In both cases, whether or not there is an inversion between yy or zz and any other element has not changed, since the transposition only changed the relative ordering of those two elements.

e. By definition, AA and BB are the only two of the four categories to place elements that precede xx in Li1L_{i - 1}, since there are A+B|A| + |B| elements preceding it, it's rank in Li1L_{i - 1} is A+B+1|A| + |B| + 1. Similarly, the two categories in which an element can be if it precedes xx in Li1L^*_{i - 1} are AA and CC, so, in Li1L^*_{i - 1}, xx has rankA+C+1\text{rank} |A| + |C| + 1.

f. We have from part d that the potential increases by 22 if we transpose two elements that are being swapped so that their relative order in the final ordering is being screwed up, and decreases by two if they are begin placed into their correct order in LiL^*_i.

In particular, they increase it by at most 22, since we are keeping track of the number of inversions that may not be the direct effect of the transpositions that heuristic HH made, we see which ones the Move to front heuristic may of added. In particular, since the move to front heuristic only changed the relative order of xx with respect to the other elements, moving it in front of the elements that preceded it in Li1L_{i - 1}, we only care about sets AA and BB. For an element in AA, moving it to be behind AA created an inversion, since that element preceded xx in LiL^*_i.
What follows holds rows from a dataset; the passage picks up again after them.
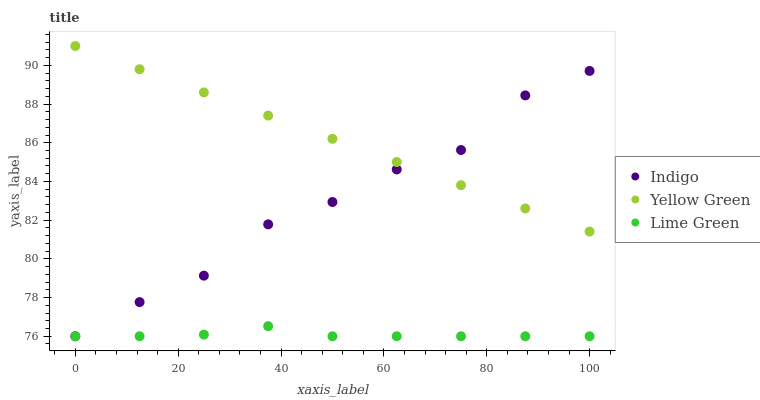Does Lime Green have the minimum area under the curve?
Answer yes or no. Yes. Does Yellow Green have the maximum area under the curve?
Answer yes or no. Yes. Does Indigo have the minimum area under the curve?
Answer yes or no. No. Does Indigo have the maximum area under the curve?
Answer yes or no. No. Is Yellow Green the smoothest?
Answer yes or no. Yes. Is Indigo the roughest?
Answer yes or no. Yes. Is Indigo the smoothest?
Answer yes or no. No. Is Yellow Green the roughest?
Answer yes or no. No. Does Lime Green have the lowest value?
Answer yes or no. Yes. Does Yellow Green have the lowest value?
Answer yes or no. No. Does Yellow Green have the highest value?
Answer yes or no. Yes. Does Indigo have the highest value?
Answer yes or no. No. Is Lime Green less than Yellow Green?
Answer yes or no. Yes. Is Yellow Green greater than Lime Green?
Answer yes or no. Yes. Does Lime Green intersect Indigo?
Answer yes or no. Yes. Is Lime Green less than Indigo?
Answer yes or no. No. Is Lime Green greater than Indigo?
Answer yes or no. No. Does Lime Green intersect Yellow Green?
Answer yes or no. No. 
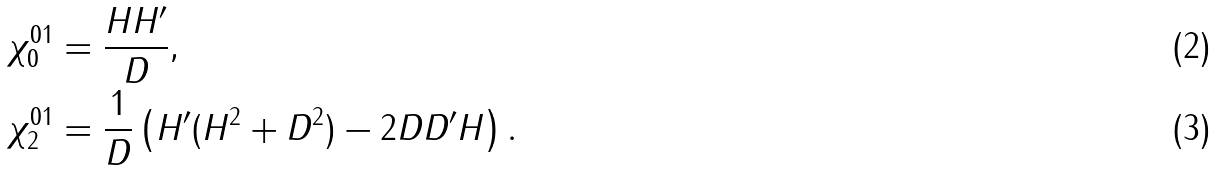<formula> <loc_0><loc_0><loc_500><loc_500>\chi ^ { 0 1 } _ { 0 } & = \frac { H H ^ { \prime } } { D } , \\ \chi ^ { 0 1 } _ { 2 } & = \frac { 1 } { D } \left ( H ^ { \prime } ( H ^ { 2 } + D ^ { 2 } ) - 2 D D ^ { \prime } H \right ) .</formula> 
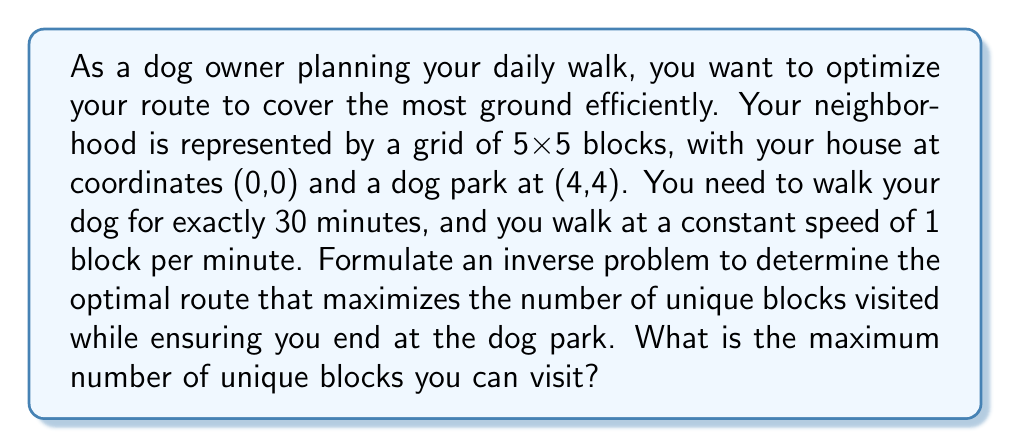Teach me how to tackle this problem. Let's approach this step-by-step:

1) First, we need to understand the constraints:
   - The grid is 5x5, so there are 25 possible blocks to visit.
   - Start point: (0,0)
   - End point: (4,4)
   - Total time: 30 minutes
   - Speed: 1 block per minute

2) The inverse problem here is to find the path that maximizes unique blocks visited given these constraints.

3) To reach (4,4) from (0,0), we need to move 4 blocks right and 4 blocks up, which requires at least 8 minutes.

4) We have 30 minutes total, so we can make 30 moves in total.

5) The optimal strategy is to zigzag through the grid to cover as many unique blocks as possible.

6) Let's visualize the optimal path:

   [asy]
   unitsize(1cm);
   for(int i=0; i<=5; ++i) {
     draw((0,i)--(5,i),gray);
     draw((i,0)--(i,5),gray);
   }
   draw((0,0)--(1,0)--(1,1)--(2,1)--(2,2)--(3,2)--(3,3)--(4,3)--(4,4),red+1);
   draw((0,0)--(0,1)--(1,1)--(1,2)--(2,2)--(2,3)--(3,3)--(3,4)--(4,4),blue+1);
   label("Start",(0,0),SW);
   label("End",(4,4),NE);
   [/asy]

7) The red path shows the first 8 moves, and the blue path shows the return 8 moves.

8) We can see that this path covers 9 unique blocks (including start and end).

9) We still have 14 moves left (30 - 16 = 14).

10) We can use these 14 moves to visit 7 more unique blocks by making small detours from our main path.

11) Therefore, the maximum number of unique blocks we can visit is 9 + 7 = 16.
Answer: 16 blocks 
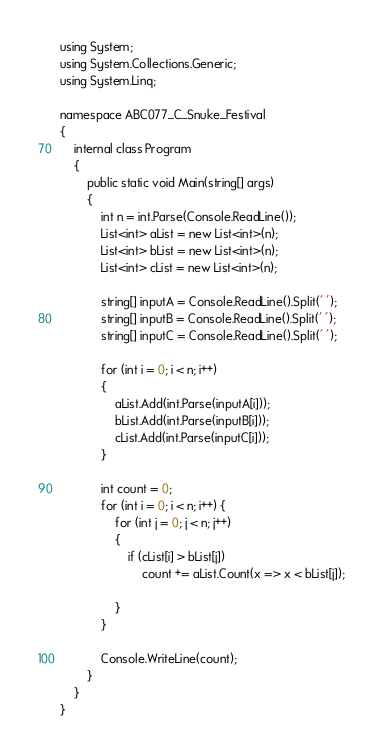<code> <loc_0><loc_0><loc_500><loc_500><_C#_>using System;
using System.Collections.Generic;
using System.Linq;

namespace ABC077_C_Snuke_Festival
{
	internal class Program
	{
		public static void Main(string[] args)
		{
			int n = int.Parse(Console.ReadLine());
			List<int> aList = new List<int>(n);
			List<int> bList = new List<int>(n);
			List<int> cList = new List<int>(n);

			string[] inputA = Console.ReadLine().Split(' '); 
			string[] inputB = Console.ReadLine().Split(' ');
			string[] inputC = Console.ReadLine().Split(' ');

			for (int i = 0; i < n; i++)
			{
				aList.Add(int.Parse(inputA[i]));
				bList.Add(int.Parse(inputB[i]));
				cList.Add(int.Parse(inputC[i]));
			}

			int count = 0;
			for (int i = 0; i < n; i++) {
				for (int j = 0; j < n; j++)
				{
					if (cList[i] > bList[j])
						count += aList.Count(x => x < bList[j]);
					
				}
			}
			
			Console.WriteLine(count);
		}
	}
}
</code>

However, if the element were in BB, we are removing an inversion by placing xx in front of it.

g.

c^i2(A+B+1)1+2(AB+ti)=4A+1+2ti4(A+C+1+ti)=4ci. \begin{aligned} \hat c_i & \le 2(|A| + |B| + 1) - 1 + 2(|A| - |B| + t_i^*) \\ & = 4|A| + 1 + 2 t_i^* \\ & \le 4(|A| + |C| + 1 + t_i^*) \\ & = 4 c_i^*. \end{aligned}

h. We showed that the amortized cost of each operation under the move to front heuristic was at most four times the cost of the operation using any other heuristic. Since the amortized cost added up over all these operation is at most the total (real) cost, so we have that the total cost with movetofront is at most four times the total cost with an arbitrary other heuristic.